→ **Data excerpts**
|---|

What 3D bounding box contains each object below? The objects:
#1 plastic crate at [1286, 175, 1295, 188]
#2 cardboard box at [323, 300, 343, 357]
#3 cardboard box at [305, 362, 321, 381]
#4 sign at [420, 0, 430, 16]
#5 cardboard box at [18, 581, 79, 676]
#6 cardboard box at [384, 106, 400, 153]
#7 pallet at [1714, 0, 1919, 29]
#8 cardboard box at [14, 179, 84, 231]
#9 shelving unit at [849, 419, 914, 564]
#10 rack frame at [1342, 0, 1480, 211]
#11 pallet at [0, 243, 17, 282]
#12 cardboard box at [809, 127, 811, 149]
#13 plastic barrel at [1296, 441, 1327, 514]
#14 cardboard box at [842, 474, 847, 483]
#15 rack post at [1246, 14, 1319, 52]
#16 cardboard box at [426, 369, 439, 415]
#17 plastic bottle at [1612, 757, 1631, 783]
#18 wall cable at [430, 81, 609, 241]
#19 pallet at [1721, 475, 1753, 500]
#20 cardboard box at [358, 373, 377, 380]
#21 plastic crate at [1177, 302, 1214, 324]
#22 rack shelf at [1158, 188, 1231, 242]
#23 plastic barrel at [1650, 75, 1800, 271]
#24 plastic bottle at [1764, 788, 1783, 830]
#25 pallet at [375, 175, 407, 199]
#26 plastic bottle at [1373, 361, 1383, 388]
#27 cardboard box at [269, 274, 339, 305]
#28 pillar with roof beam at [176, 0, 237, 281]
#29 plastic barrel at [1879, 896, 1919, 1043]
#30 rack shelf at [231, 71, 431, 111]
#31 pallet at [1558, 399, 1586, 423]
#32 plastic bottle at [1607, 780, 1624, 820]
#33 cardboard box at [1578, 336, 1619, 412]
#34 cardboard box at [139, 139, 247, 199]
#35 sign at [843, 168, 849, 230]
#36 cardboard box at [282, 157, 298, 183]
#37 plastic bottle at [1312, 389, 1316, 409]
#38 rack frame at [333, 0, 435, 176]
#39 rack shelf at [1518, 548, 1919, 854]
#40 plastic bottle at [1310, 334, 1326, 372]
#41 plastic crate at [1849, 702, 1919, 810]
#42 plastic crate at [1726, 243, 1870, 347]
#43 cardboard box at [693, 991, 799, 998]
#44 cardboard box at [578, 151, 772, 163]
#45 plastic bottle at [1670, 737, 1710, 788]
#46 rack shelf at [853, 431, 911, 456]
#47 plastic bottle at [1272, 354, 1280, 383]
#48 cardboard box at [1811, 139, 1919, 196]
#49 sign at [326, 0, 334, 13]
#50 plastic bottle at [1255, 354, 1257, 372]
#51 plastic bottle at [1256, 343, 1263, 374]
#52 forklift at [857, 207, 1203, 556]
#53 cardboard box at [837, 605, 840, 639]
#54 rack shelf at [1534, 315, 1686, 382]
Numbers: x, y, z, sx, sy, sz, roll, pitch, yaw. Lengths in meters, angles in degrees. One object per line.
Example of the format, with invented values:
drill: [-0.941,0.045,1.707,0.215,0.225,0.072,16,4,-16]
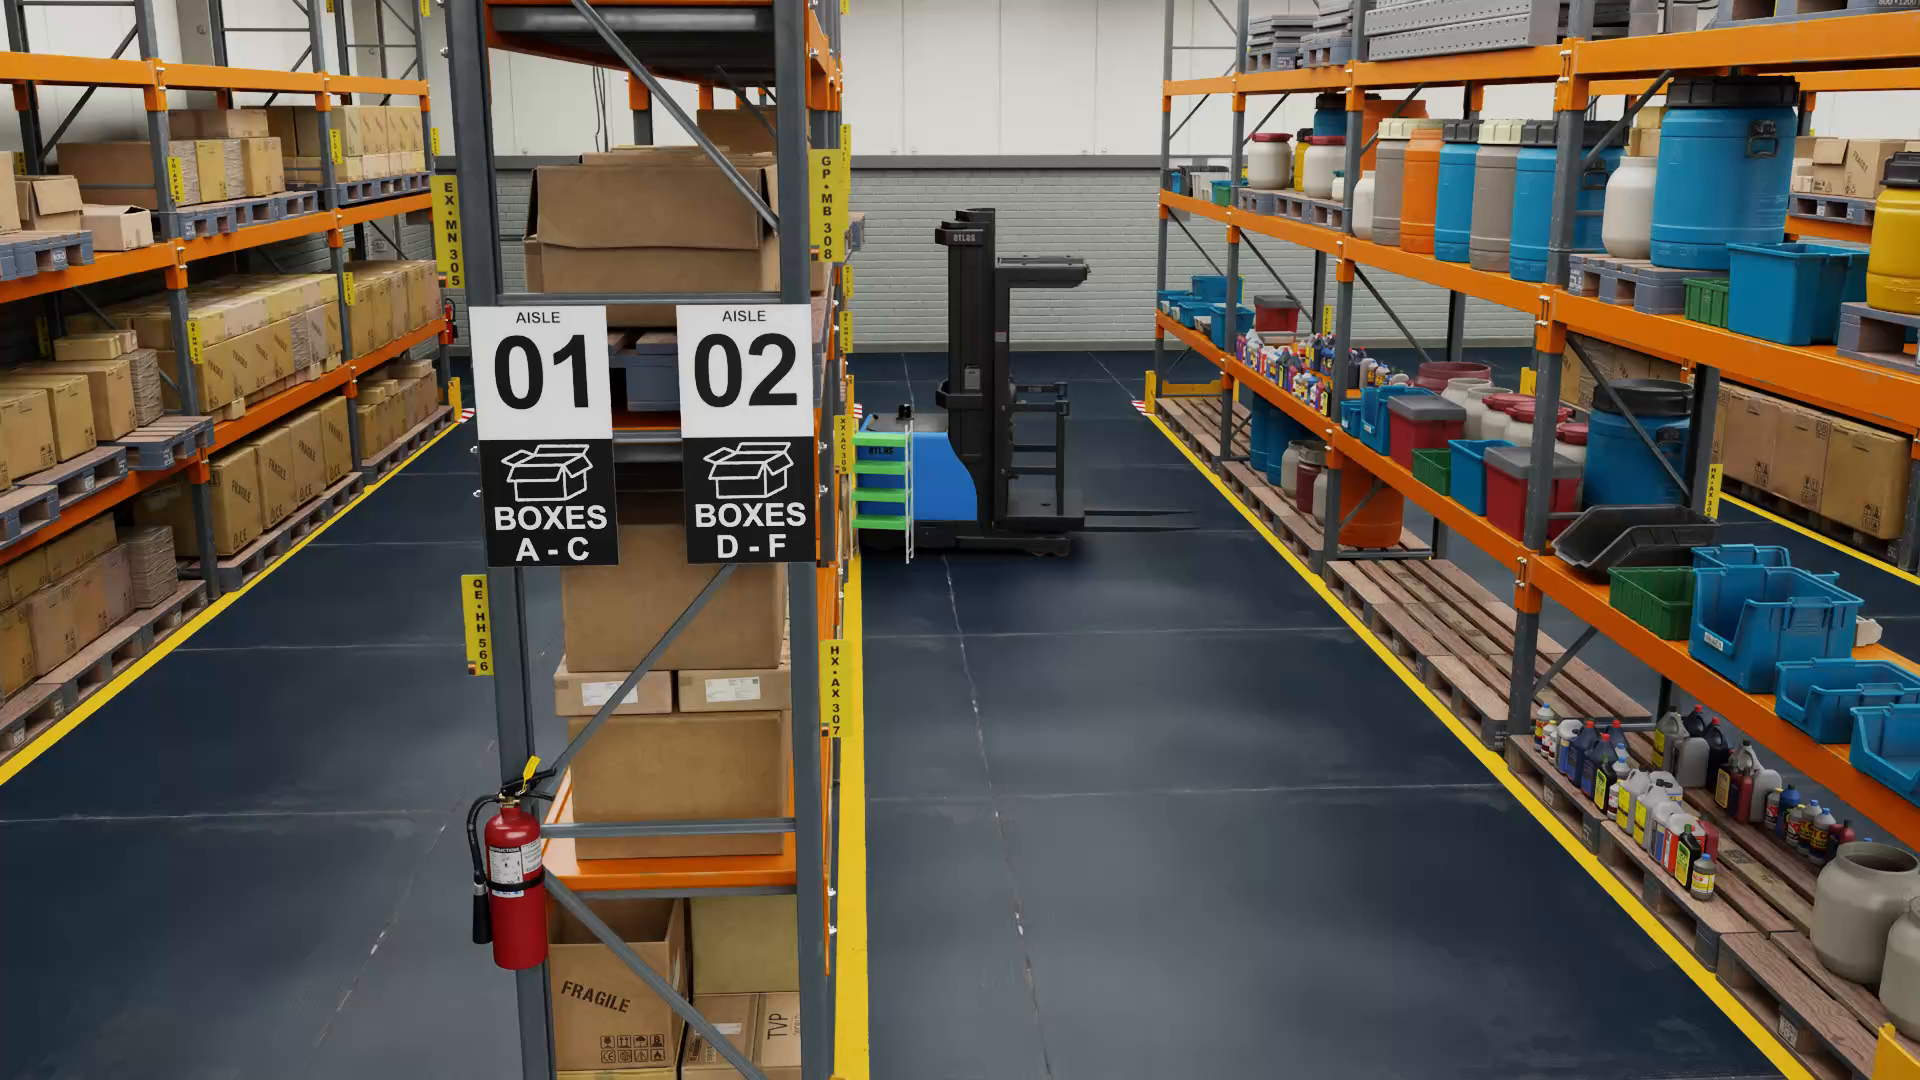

|---|

→ **Work required**
Copy out, from the material above, each line where the word "object" is present.

→ **Completed exercise**
What 3D bounding box contains each object below? The objects:
Numbers: x, y, z, sx, sy, sz, roll, pitch, yaw. Lengths in meters, angles in degrees. One object per line.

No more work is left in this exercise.